Quantization-based Optimization with Perspective of Quantum Mechanics

TL;DR

This paper analyzes quantization-based optimization through the lens of quantum mechanics, particularly the Schrödinger equation, to explain how quantum tunneling facilitates escaping local minima in global optimization.

Contribution

It introduces a quantum mechanics-based framework for analyzing quantization-based optimization, highlighting the role of tunneling effects in escaping local minima.

Findings

Quantum tunneling enables escape from local minima.

The Schrödinger equation explains properties of quantum optimization.

Experimental results validate the proposed analysis.

Abstract

Statistical and stochastic analysis based on thermodynamics has been the main analysis framework for stochastic global optimization.

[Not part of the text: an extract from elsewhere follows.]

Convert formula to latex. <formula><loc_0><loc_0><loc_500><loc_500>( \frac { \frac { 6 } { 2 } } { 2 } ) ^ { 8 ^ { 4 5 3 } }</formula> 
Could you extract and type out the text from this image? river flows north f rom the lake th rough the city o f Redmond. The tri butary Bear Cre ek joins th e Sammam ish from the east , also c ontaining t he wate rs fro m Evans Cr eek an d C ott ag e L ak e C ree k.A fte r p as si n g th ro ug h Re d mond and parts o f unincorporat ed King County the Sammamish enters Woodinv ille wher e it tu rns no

Recently, appearing quantum annealing or quantum tunneling algorithm for global optimization, we require a new researching framework for global optimization algorithms. In this paper, we provide the analysis for quantization-based optimization based on the Schr\"odinger equation to reveal what property in quantum mechanics enables global optimization. We present that the tunneling effect derived by the Schr\"odinger equation in quantization-based optimization enables to escape of a local minimum. Additionally, we confirm that this tunneling effect is the same property included in quantum mechanics-based global optimization. Experiments with standard multi-modal benchmark functions represent that the proposed analysis is valid.